Ich bin nicht der Meinung, dass "work out" Muskelaufbautraining bezeichnen sollte.  Ich persönlich würde sagen: "I just worked out" nachdem ich gerade laufen gegangen bin, oder so etwas Ähnliches.  Ich finde, "exercise" ist ein formellerer Ausdruck als "work out", aber die beiden sind gleichbedeutend.


----------



## brian

I agree with Toadie. Not to be sexist or anything  but imagine a girl saying, "Hey I'm going to work out. Be back later." In my mind, I don't see her pumping iron. Yes, maybe she'll lift _some_ weights, but I imagine cardio, aerobics, etc. as well. "To work out" really refers to any- and everything, I'd say. (But it's true that "exercise" usually doesn't refer to weightlifting.)


----------



## Kuestenwache

This was exactly my feeling at first, maybe it depends on the context.


----------



## Todessprache

brian8733 said:


> I agree with Toadie. Not to be sexist or anything  but imagine a girl saying, "Hey I'm going to work out. Be back later." In my mind, I don't see her pumping iron. Yes, maybe she'll lift _some_ weights, but I imagine cardio, aerobics, etc. as well. "To work out" really refers to any- and everything, I'd say. (But it's true that "exercise" usually doesn't refer to weightlifting.)


 
I disagree.


----------



## brian

...as is your right.

Here are some of my personal uses. (You can add "I'm going..." in front of any of them to get a full sentence that I personally would and do say.)

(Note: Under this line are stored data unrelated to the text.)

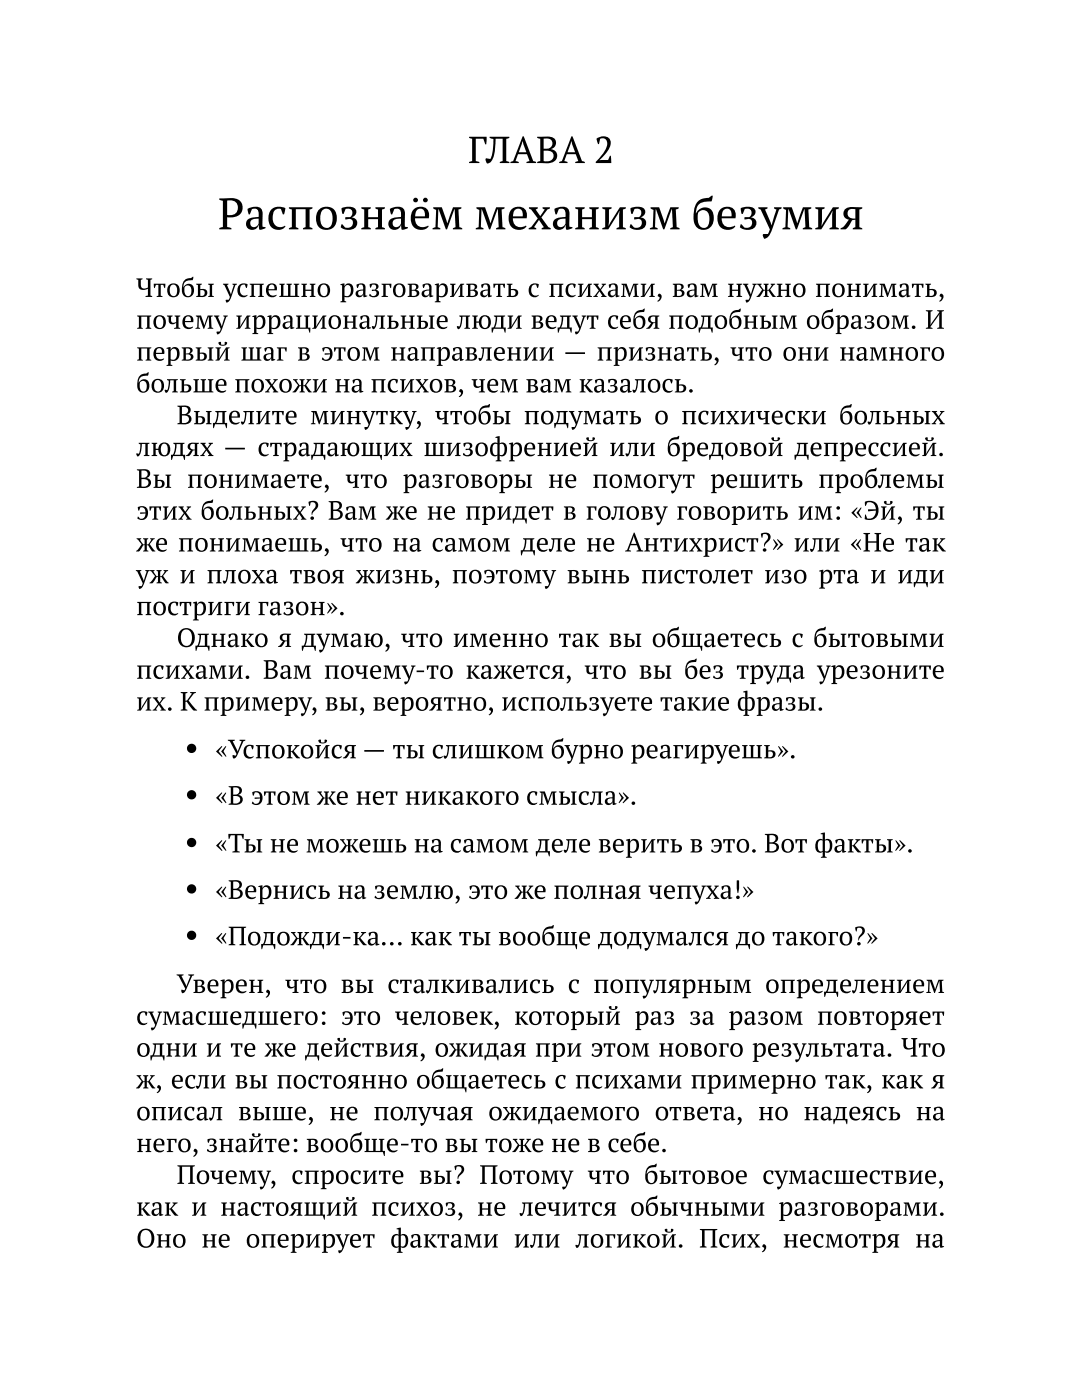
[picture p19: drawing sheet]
<svg xmlns="http://www.w3.org/2000/svg" width="216mm" height="279mm" viewBox="0 0 216 279" stroke-linecap="round" stroke-linejoin="round" font-family="sans-serif">
<defs><g id="words">
<text font-size="8.8" x="43.5" y="45.8">Распознаём механизм безумия</text>
<text font-size="7.5" x="93.4" y="32.5">ГЛАВА 2</text>
<g font-size="5.3">
<text x="27.2" y="59.3">Чтобы успешно разговаривать с психами, вам нужно понимать,</text>
<text x="27.2" y="65.6">почему иррациональные люди ведут себя подобным образом. И</text>
<text x="27.2" y="72">первый шаг в этом направлении — признать, что они намного</text>
<text x="27.2" y="78.3">больше похожи на психов, чем вам казалось.</text>
<text x="35.2" y="84.7">Выделите минутку, чтобы подумать о психически больных</text>
<text x="27.2" y="91">людях — страдающих шизофренией или бредовой депрессией.</text>
<text x="27.2" y="97.4">Вы понимаете, что разговоры не помогут решить проблемы</text>
<text x="27.2" y="103.7">этих больных? Вам же не придет в голову говорить им: «Эй, ты</text>
<text x="27.2" y="110.1">же понимаешь, что на самом деле не Антихрист?» или «Не так</text>
<text x="27.2" y="116.4">уж и плоха твоя жизнь, поэтому вынь пистолет изо рта и иди</text>
<text x="27.2" y="122.8">постриги газон».</text>
<text x="35.2" y="129.1">Однако я думаю, что именно так вы общаетесь с бытовыми</text>
<text x="27.2" y="135.5">психами. Вам почему-то кажется, что вы без труда урезоните</text>
<text x="27.2" y="141.8">их. К примеру, вы, вероятно, используете такие фразы.</text>
<text x="43" y="151.3">«Успокойся — ты слишком бурно реагируешь».</text>
<text x="43" y="160.6">«В этом же нет никакого смысла».</text>
<text x="43" y="170.1">«Ты не можешь на самом деле верить в это. Вот факты».</text>
<text x="43" y="179.4">«Вернись на землю, это же полная чепуха!»</text>
<text x="43" y="188.6">«Подожди-ка… как ты вообще додумался до такого?»</text>
<text x="35.2" y="198.2">Уверен, что вы сталкивались с популярным определением</text>
<text x="27.2" y="204.5">сумасшедшего: это человек, который раз за разом повторяет</text>
<text x="27.2" y="210.9">одни и те же действия, ожидая при этом нового результата. Что</text>
<text x="27.2" y="217.2">ж, если вы постоянно общаетесь с психами примерно так, как я</text>
<text x="27.2" y="223.6">описал выше, не получая ожидаемого ответа, но надеясь на</text>
<text x="27.2" y="229.9">него, знайте: вообще-то вы тоже не в себе.</text>
<text x="35.2" y="236.3">Почему, спросите вы? Потому что бытовое сумасшествие,</text>
<text x="27.2" y="242.6">как и настоящий психоз, не лечится обычными разговорами.</text>
<text x="27.2" y="249">Оно не оперирует фактами или логикой. Псих, несмотря на</text>
</g>
</g></defs>
<g fill="#000">
<circle cx="38.2" cy="158.6" r=".93"/>
<circle cx="38.2" cy="149.4" r=".93"/>
<circle cx="38.2" cy="177.4" r=".93"/>
<circle cx="38.2" cy="168.1" r=".93"/>
<circle cx="38.2" cy="186.7" r=".93"/>
</g>
<use href="#words"/>
</svg>

_to lift_ = "to weightlift, to lift weights" <-- I never say "to pump (iron)" except jokingly
_to run/jog
to bike
to swim
to do cardio_ = to do any combination of biking, running, jumping, whatever--aerobic exercises

I personally never actually say "I'm going to exercise," though I would use the word in a general sense, e.g. "I like to exercise" or "I exercise to stay in shape."

Now, for _me_, when I say, "I'm going to work out," it really very simply means that I'm going to the gym... to do lots of things... _all_ of the above sometimes. That's why for me it includes any and every kind of exercise.

I will concede that "to work out" _does_ imply more than just cardio--i.e. at least some kind of weightlifting, or maybe sit-ups, push-ups, pull-ups, etc. Some kind of muscle-toning/building workout. (So I wouldn't say I'm going to "work out" to mean just run or swim.) But working out, for me, also encompasses all of the other things, too.


----------



## Kuestenwache

Let's agree that "to work out" is all the sort of exercises you can see someone is doing without examening him scientifically (measuring heart rate or oxygen in his breath), but just by looking and saying "well that fellow is in great shape, im sure he's working out", we can now each decide whether we want to include a healthy taint and the ability to walk up two stairs without loosing breath.


----------



## sokol

Laut Collins English Dictionary (also British English) ist "workout" "a period of physical exercise or training", und als Beispiel ist auch ganz simples Aerobic angegeben: "... a 35-minute aerobic workout".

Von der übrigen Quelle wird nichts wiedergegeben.